• _What to work on_: Each record should reappear exactly in your answer, minus any picture.

• _Data records_:

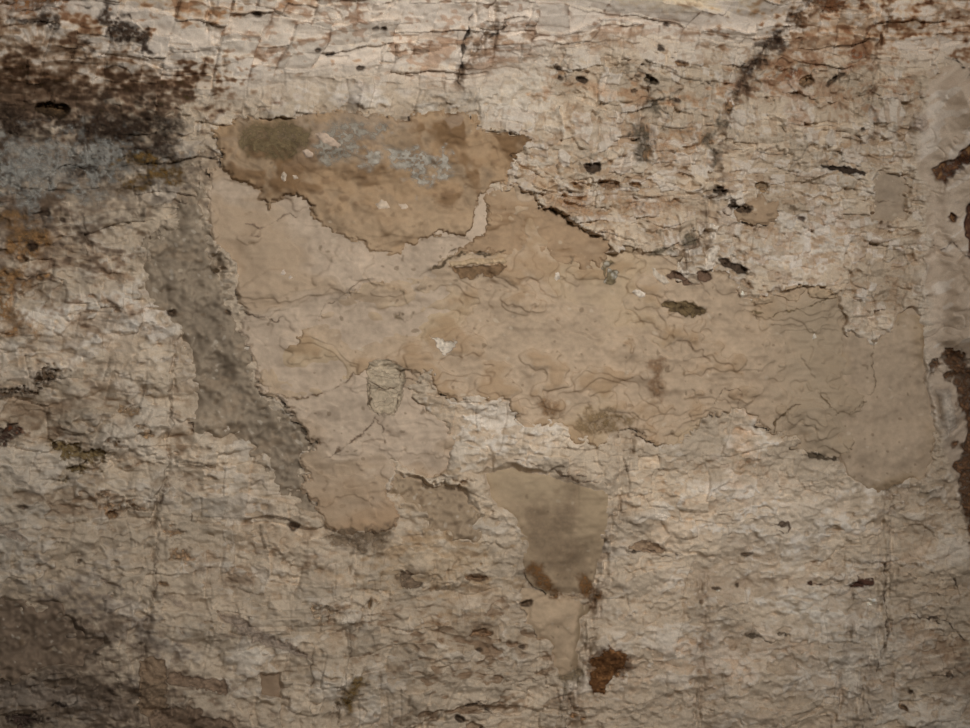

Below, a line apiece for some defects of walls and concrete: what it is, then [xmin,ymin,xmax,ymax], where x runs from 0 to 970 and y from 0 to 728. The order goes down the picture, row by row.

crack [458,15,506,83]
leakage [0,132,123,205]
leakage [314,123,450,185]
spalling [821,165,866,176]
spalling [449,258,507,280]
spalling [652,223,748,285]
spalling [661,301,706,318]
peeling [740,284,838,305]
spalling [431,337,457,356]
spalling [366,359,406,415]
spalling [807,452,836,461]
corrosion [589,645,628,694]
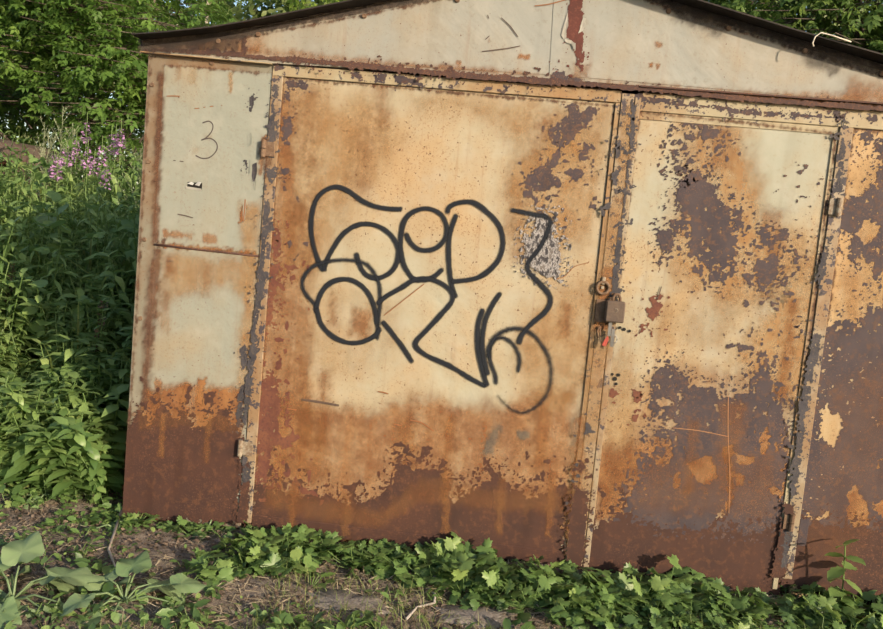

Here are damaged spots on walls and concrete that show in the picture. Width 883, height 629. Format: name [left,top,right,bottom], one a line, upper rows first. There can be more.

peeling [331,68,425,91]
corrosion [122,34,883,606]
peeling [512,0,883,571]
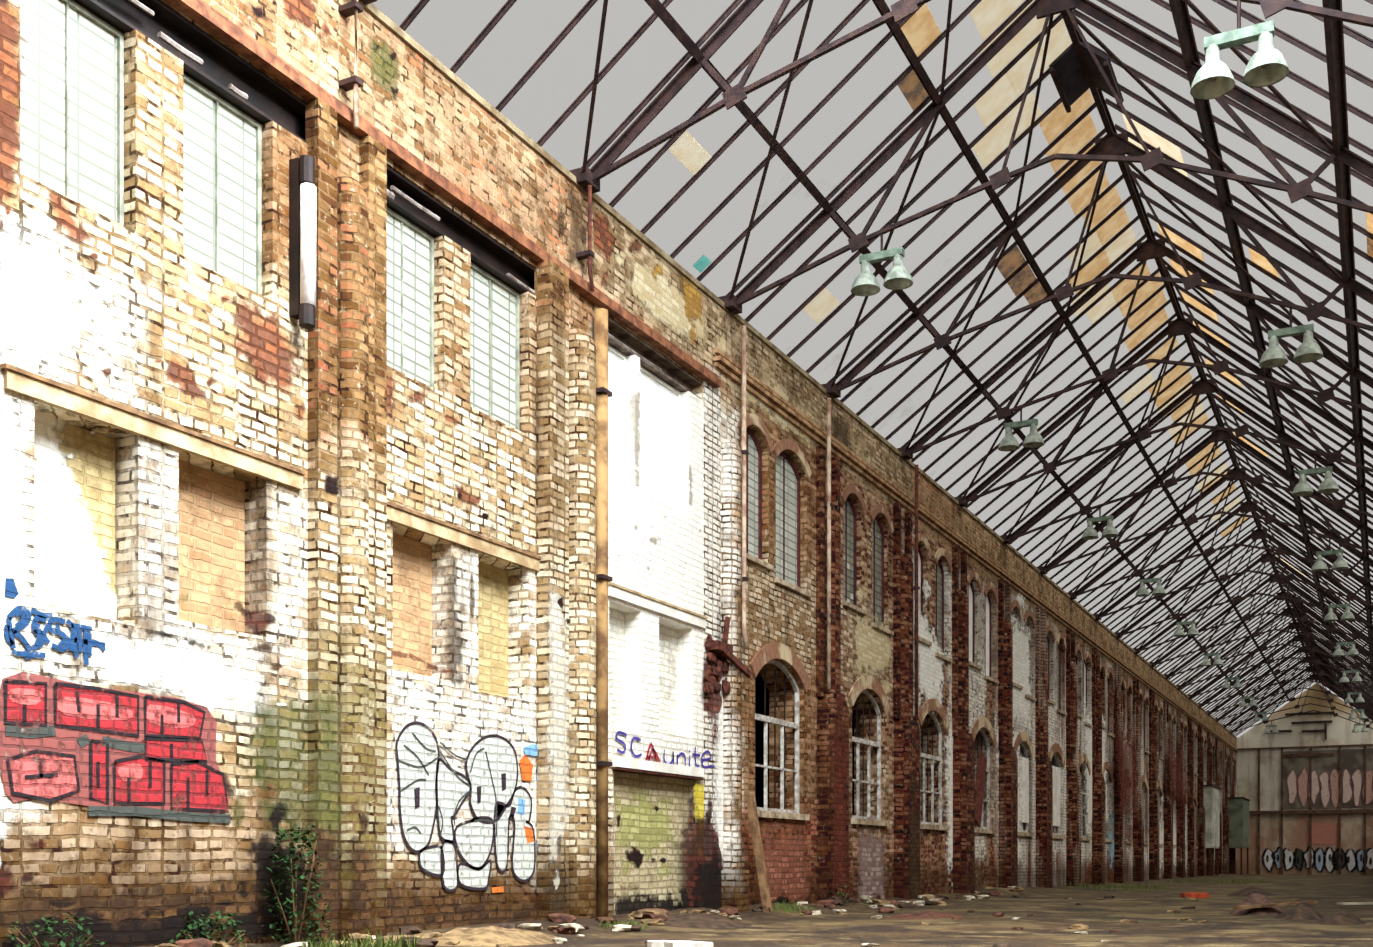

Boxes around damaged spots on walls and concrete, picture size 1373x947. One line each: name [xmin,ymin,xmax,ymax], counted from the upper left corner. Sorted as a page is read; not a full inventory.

• _Response area_:
Below, a line apiece for some defects of walls and concrete: what it is, then [xmin,ymin,xmax,ymax], where x runs from 0 to 970 and y from 0 to 728. The order goes down the picture, row by row.

crack [458,15,506,83]
leakage [0,132,123,205]
leakage [314,123,450,185]
spalling [821,165,866,176]
spalling [449,258,507,280]
spalling [652,223,748,285]
spalling [661,301,706,318]
peeling [740,284,838,305]
spalling [431,337,457,356]
spalling [366,359,406,415]
spalling [807,452,836,461]
corrosion [589,645,628,694]

Here are damaged spots on walls and concrete that show in the picture. Width 883, height 629. Format: name [left,top,right,bottom], one a line, upper rows first. There can be more.

peeling [331,68,425,91]
corrosion [122,34,883,606]
peeling [512,0,883,571]

Boxes around damaged spots on walls and concrete, picture size 1373x947. One line each: name [xmin,ymin,xmax,ymax], counted from the upper left corner. Sorted as a page is read; not a full inventory.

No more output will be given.